Now we can use that „the „$^*$“ is distributive“ and that $V^{**} \cong V$, so the space above can actually be written as:

\begin{equation} V \otimes \dots \otimes V \otimes V^* \otimes \dots \otimes V^* \end{equation}

Elements of this space are denoted tensors of rank (r,s) where r is the number of copies of $V$ and s the number of copies of $V^*$

Almost all objects in linear algebra can be described that way, for example linear maps are tensors of rank (1,1), i.e. elements in $V \otimes V^*$, why is that?

Well I can prove it to you we only need to define how an object in $V \otimes V^*$ acts on vectors, lets take an $v \in V$ and a $x \otimes y^* \in V \otimes V^* $ and we define $x \otimes y^* (v):=y^*(w)x$ why is this a linear map? Because for $v,w \in V$: $x \otimes y^* (v+w):=y^*(w+v)x= (y^*(w)+y^*(v))x= y^*(w)x+y^*(v)x= x \otimes y^* (v)+ x \otimes y^* (w)$, where we used that $y^*$ is a linear map.

Remember the basis $\{e_1, \dots, e_n \}$ and $\{e_1^*, \dots, e_n^* \}$? It turns out that $\{e_1 \otimes e_1^*, e_1 \otimes e_2^*, \dots, e_2 \otimes e_1^*, \dots e_n\otimes e_n^* \}$ is a basis of $V \otimes V^*$ general elements in $V \otimes V^*$ are linear combinations, i.e.:

$$ \sum\limits_{i,j} A_{ij}e_i \otimes e_j^* $$

Where the $A_{ij}$ are the coefficients of the linear combination, i.e. just numbers. In physics people often only write the coefficients and ignore the basis vectors, putting the j as a subscript, indicating that it belongs to a dual vector and the i as a superscript, indicating that it belongs to a „normal“ vector.

$$ \sum\limits_{i,j} A^{i}_{\ j} $$

And then they don‘t even write the sum, and call it Einstein sum convention:

$$ A^{i}_{\ j} $$

and call the object above a tensor of rank (1,1).

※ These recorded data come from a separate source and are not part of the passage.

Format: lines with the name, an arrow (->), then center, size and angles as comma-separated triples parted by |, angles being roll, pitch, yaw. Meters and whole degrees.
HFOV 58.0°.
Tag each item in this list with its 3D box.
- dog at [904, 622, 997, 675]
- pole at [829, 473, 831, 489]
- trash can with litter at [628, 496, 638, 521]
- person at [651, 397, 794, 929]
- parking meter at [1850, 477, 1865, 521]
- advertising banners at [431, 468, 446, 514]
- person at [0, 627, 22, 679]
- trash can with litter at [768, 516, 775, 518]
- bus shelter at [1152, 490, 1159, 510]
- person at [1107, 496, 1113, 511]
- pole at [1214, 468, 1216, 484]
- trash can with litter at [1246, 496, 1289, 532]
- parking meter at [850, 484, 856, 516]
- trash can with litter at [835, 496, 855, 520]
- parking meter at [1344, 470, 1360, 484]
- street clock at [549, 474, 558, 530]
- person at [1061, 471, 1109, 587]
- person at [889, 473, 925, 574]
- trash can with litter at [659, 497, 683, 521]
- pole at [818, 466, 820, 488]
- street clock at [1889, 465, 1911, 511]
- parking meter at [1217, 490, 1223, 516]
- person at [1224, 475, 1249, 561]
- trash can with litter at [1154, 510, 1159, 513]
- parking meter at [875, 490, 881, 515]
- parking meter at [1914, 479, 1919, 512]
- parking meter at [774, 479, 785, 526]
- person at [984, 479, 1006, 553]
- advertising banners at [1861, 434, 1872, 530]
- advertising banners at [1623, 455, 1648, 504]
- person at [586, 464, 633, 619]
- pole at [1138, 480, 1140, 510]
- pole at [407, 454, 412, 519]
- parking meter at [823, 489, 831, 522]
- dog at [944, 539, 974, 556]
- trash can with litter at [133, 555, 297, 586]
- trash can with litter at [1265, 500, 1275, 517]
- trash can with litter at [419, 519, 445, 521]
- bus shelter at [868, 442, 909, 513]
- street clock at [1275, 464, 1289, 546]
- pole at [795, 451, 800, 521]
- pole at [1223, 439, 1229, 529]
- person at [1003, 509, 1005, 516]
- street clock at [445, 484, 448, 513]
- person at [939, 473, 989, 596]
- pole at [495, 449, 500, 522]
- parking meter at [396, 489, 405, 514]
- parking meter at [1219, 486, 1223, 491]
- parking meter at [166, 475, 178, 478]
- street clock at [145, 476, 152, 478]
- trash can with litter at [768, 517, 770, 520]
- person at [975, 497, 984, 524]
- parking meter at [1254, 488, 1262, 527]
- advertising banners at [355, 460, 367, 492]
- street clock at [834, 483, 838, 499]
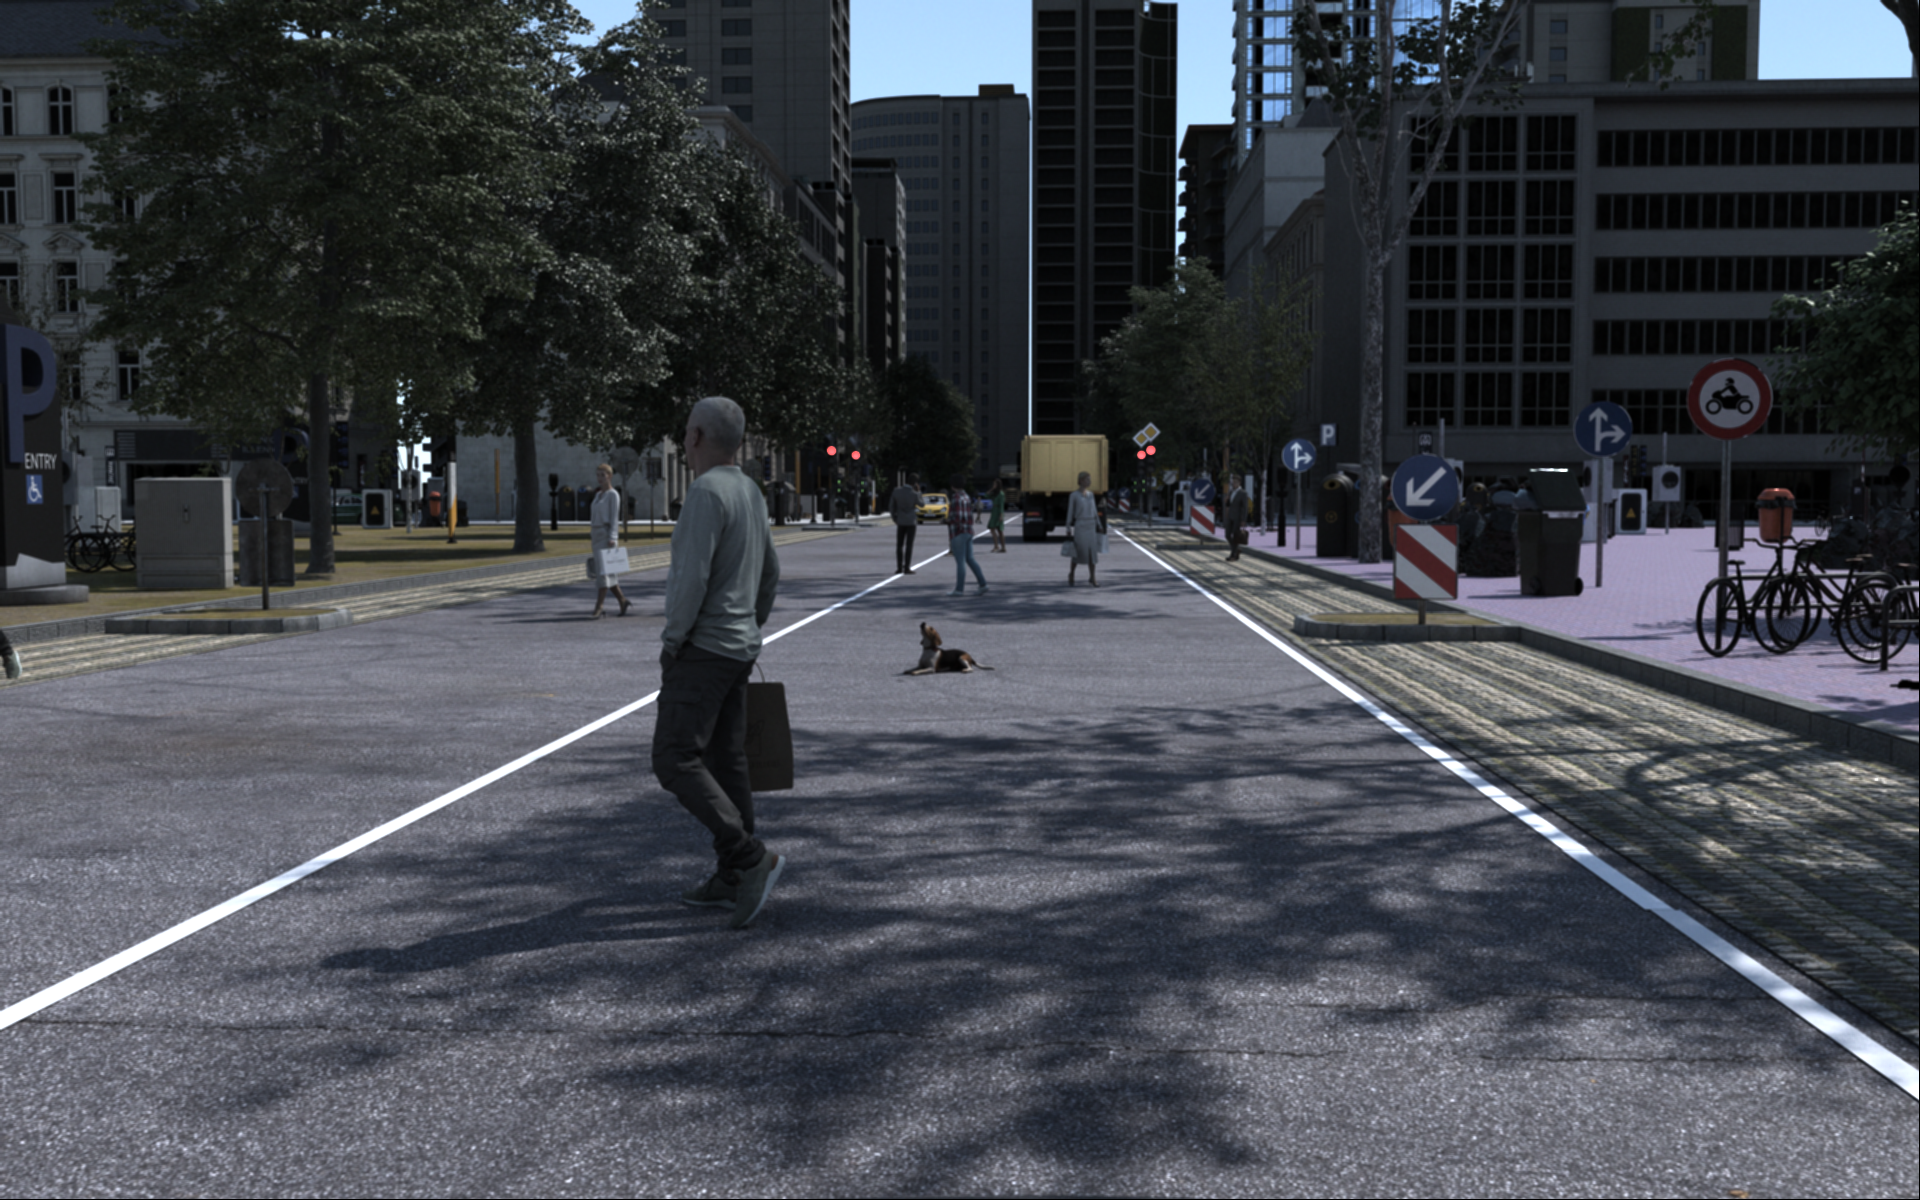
dog -> -0.071, 0.384, 13.921 | 0.748, 0.427, 0.550 | 0, 4, 2
pole -> -9.273, -7.971, 124.164 | 0.158, 3.312, 0.155 | 0, 3, 0
trash can with litter -> -15.809, -4.388, 83.136 | 0.624, 1.170, 1.055 | 0, 4, -8
person -> -0.780, 0.179, 6.055 | 0.515, 1.767, 0.782 | 1, 4, 13
parking meter -> 30.560, -3.259, 58.993 | 0.399, 1.863, 0.255 | 3, 4, 36
advertising banners -> -37.805, -7.931, 125.863 | 0.090, 3.025, 2.074 | 1, 4, 17
person -> -7.693, -0.267, 13.345 | 0.782, 1.767, 0.515 | 2, 4, 26
trash can with litter -> -10.631, -4.894, 91.072 | 2.233, 1.210, 1.678 | -2, 4, -32
bus shelter -> 15.210, -8.536, 133.488 | 2.014, 3.302, 5.546 | 0, 4, 3
person -> 11.425, -7.523, 131.685 | 0.537, 1.800, 0.526 | 3, 4, 36
pole -> 19.810, -8.610, 134.623 | 0.158, 3.312, 0.155 | 0, 3, 0
trash can with litter -> 10.418, -2.946, 59.227 | 1.678, 1.210, 2.233 | 1, 4, 23
parking meter -> -6.122, -5.782, 100.239 | 0.399, 1.863, 0.255 | 1, 4, 19
trash can with litter -> -5.785, -4.664, 87.645 | 1.055, 1.170, 0.624 | 2, 4, 24
parking meter -> 9.475, -2.210, 41.853 | 0.399, 1.863, 0.255 | 2, 4, 25
street clock -> -14.334, -3.458, 61.113 | 0.358, 2.002, 0.471 | -2, 4, -25
person -> 1.931, -1.102, 26.873 | 0.694, 1.780, 0.624 | -1, 4, -16
person -> -0.958, -1.368, 31.043 | 0.592, 1.802, 0.473 | 2, 4, 33
trash can with litter -> -13.616, -4.293, 81.574 | 1.055, 1.170, 0.624 | -1, 4, -16
pole -> -10.349, -8.158, 127.231 | 0.158, 3.312, 0.155 | 0, 3, 0
street clock -> 23.583, -2.381, 43.492 | 0.471, 2.002, 0.358 | 2, 4, 35
parking meter -> 14.054, -5.211, 93.617 | 0.372, 1.533, 0.369 | 0, 3, 0
person -> 5.870, -1.731, 36.760 | 0.622, 1.834, 0.822 | 3, 5, 40
trash can with litter -> 14.318, -6.748, 121.388 | 2.233, 1.210, 1.678 | 0, 4, 3
parking meter -> -4.948, -5.879, 104.531 | 0.372, 1.533, 0.369 | 0, 3, 0
parking meter -> 36.181, -3.639, 65.204 | 0.255, 1.863, 0.399 | -3, 5, -44
parking meter -> -7.217, -3.887, 69.269 | 0.255, 1.863, 0.399 | 2, 4, 35
person -> 0.933, -2.052, 42.301 | 0.529, 1.795, 0.600 | -2, 4, -34
advertising banners -> 20.413, -2.621, 39.036 | 0.090, 3.025, 2.074 | 2, 4, 32
advertising banners -> 29.726, -4.900, 76.302 | 0.090, 3.025, 2.074 | -1, 4, -8
person -> -4.039, -0.680, 19.975 | 0.624, 1.780, 0.694 | -2, 4, -28
pole -> 14.126, -8.700, 136.084 | 0.158, 3.312, 0.155 | 0, 3, 0
pole -> -28.182, -5.801, 88.681 | 0.158, 3.312, 0.155 | 0, 3, 0
parking meter -> -6.217, -4.421, 80.696 | 0.372, 1.533, 0.369 | 0, 3, 0
dog -> -0.011, -1.231, 40.325 | 0.748, 0.427, 0.550 | 0, 4, 0
trash can with litter -> -10.839, -0.866, 25.222 | 2.233, 1.210, 1.678 | -2, 4, -27
trash can with litter -> 16.157, -4.886, 91.272 | 0.624, 1.170, 1.055 | -3, 5, -45
trash can with litter -> -24.982, -4.381, 82.680 | 2.233, 1.210, 1.678 | 3, 5, 39
bus shelter -> -5.105, -8.821, 121.847 | 2.179, 5.291, 8.768 | 0, 4, 4
street clock -> 7.884, -2.314, 42.407 | 0.358, 2.002, 0.471 | 0, 4, 7
pole -> -7.590, -5.334, 81.059 | 0.158, 3.312, 0.155 | 0, 3, 0
pole -> 9.844, -4.296, 64.088 | 0.158, 3.312, 0.155 | 0, 3, 0
person -> 2.815, -6.284, 115.516 | 0.394, 1.301, 0.425 | 0, 4, 8
street clock -> -35.353, -7.024, 119.404 | 0.471, 2.002, 0.358 | -2, 4, -24
person -> 0.054, -0.919, 24.362 | 0.643, 1.720, 0.563 | 2, 4, 23
pole -> -21.030, -5.194, 78.757 | 0.158, 3.312, 0.155 | 0, 3, 0
parking meter -> -25.526, -4.322, 79.078 | 0.372, 1.533, 0.369 | 0, 3, 0
parking meter -> 15.477, -5.914, 102.400 | 0.399, 1.863, 0.255 | 2, 4, 24
parking meter -> -24.687, -2.964, 54.177 | 0.399, 1.863, 0.255 | 1, 4, 19
street clock -> -32.763, -4.000, 69.973 | 0.358, 2.002, 0.471 | -3, 4, -36
trash can with litter -> -9.701, -4.450, 84.142 | 0.624, 1.170, 1.055 | 1, 4, 20
person -> 0.932, -4.337, 83.679 | 0.475, 1.303, 0.640 | -3, 5, -40
parking meter -> 11.777, -3.654, 68.161 | 0.372, 1.533, 0.369 | 0, 3, 0
advertising banners -> -31.366, -5.698, 89.344 | 0.090, 3.025, 2.074 | 2, 4, 27
street clock -> -7.568, -6.183, 105.665 | 0.471, 2.002, 0.358 | -1, 4, -14

So why is the inertia tensor a tensor? Because it is a linear map, i.e. an element of $V \otimes V^*$, i.e. a rank (1,1) tensor. It assigns to the vector that indicates the objects rotation $\omega$ the vector that indicates its angular momentum $L$. But it can also be thought used in a different way, as a (0,2) tensor, i.e. an element of $V^* \otimes V^*$, because if you use it to calculate an objects rotational energy you feed it two vectors, this operation is often written as $\omega^T I \omega$ (The two vectors just happen to be the same) and out comes a number, its Energy.